@xcrap/factory
Version:
Xcrap Factory is a set of utilities for dynamically creating instances of clients, extractors, and parsing models, making it easier to configure and extend scraping and parsing pipelines.
124 lines (98 loc) • 3.12 kB
Markdown
Xcrap Factory is a set of utilities for dynamically creating instances of clients, extractors, and parsing models, making it easier to configure and extend scraping and parsing pipelines.
Installation is straightforward—just use your favorite dependency manager. Here’s an example using NPM:
```cmd
npm i @xcrap/factory
```
* **createClient**: Instantiates clients from a registry of allowed classes.
* **createExtractor**: Creates extractor functions from configurable text and a registry of allowed extractors.
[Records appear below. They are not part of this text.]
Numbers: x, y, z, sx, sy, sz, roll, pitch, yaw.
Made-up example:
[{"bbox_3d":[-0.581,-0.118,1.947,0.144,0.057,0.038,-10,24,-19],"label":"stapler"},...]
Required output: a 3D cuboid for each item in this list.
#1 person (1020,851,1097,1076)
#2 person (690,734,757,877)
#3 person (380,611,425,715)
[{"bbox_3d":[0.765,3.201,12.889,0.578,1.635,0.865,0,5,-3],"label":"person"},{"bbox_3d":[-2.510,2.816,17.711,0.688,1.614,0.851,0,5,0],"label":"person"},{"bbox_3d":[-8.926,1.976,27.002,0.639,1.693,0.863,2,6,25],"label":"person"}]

* **createParsingModel**: Builds validated and nested parsing models with customizable extractors and types.
```typescript
import { GotScrapingClient } from "@xcrap/got-scraping-client"
import { AxiosClient } from "@xcrap/axios-client"
import { createClient } from "@xcrap/factory"
const config = {
allowedClients: {
"got-scraping": GotScrapingClient,
"axios": AxiosClient
}
}
const client = createClient({
config: config,
type: "...", // Client type
options: {...} // Client constructor options
})
```
```typescript
import { extractInnerText, extractSrc, extractHref, extractAttribute } from "@xcrap/parser"
import { createExtractor } from "@xcrap/factory"
const config = {
allowedExtractors: {
innerText: extractInnerText,
src: extractSrc,
href: extractHref,
attribute: extractAttribute // extractAttribute(name: string) -> Generates an extractor
},
argumentSeparator: ":" // Optional | Usage example -> "attribute:value"
}
const extractor = createExtractor({
extractorText: "..", // innerText, src, href, attribute:ATTRIBUTE_NAME...
config: config
})
```
```typescript
import { HtmlParsingModel, JsonParsingModel } from "@xcrap/parser"
import { createParsingModel } from "@xcrap/factory"
const config = {
allowedExtractors: {...},
extractorArgumentSeparator: "...", // Optional
allowedModels: {
html: HtmlParsingModel,
json: JsonParsingModel
}
}
const parsingModel = createParsingModel({
config: config,
model: {
type: "html", // Model type: html, json..
model: {
title: {
query: "title",
extractor: "innerText",
},
bodyData: { // Nested model
query: "body",
nested: {
type: "html",
model: {
heading: {
query: "h1",
extractor: "innerText"
}
}
}
}
}
}
})
```
Automated tests are located in `__tests__`. To run them:
```bash
npm run test
```
* Want to contribute? Follow these steps:
* Fork the repository.
* Create a new branch (git checkout -b feature-new).
* Commit your changes (git commit -m 'Add new feature').
* Push to the branch (git push origin feature-new).
* Open a Pull Request.
## 📝 License
This project is licensed under the MIT License.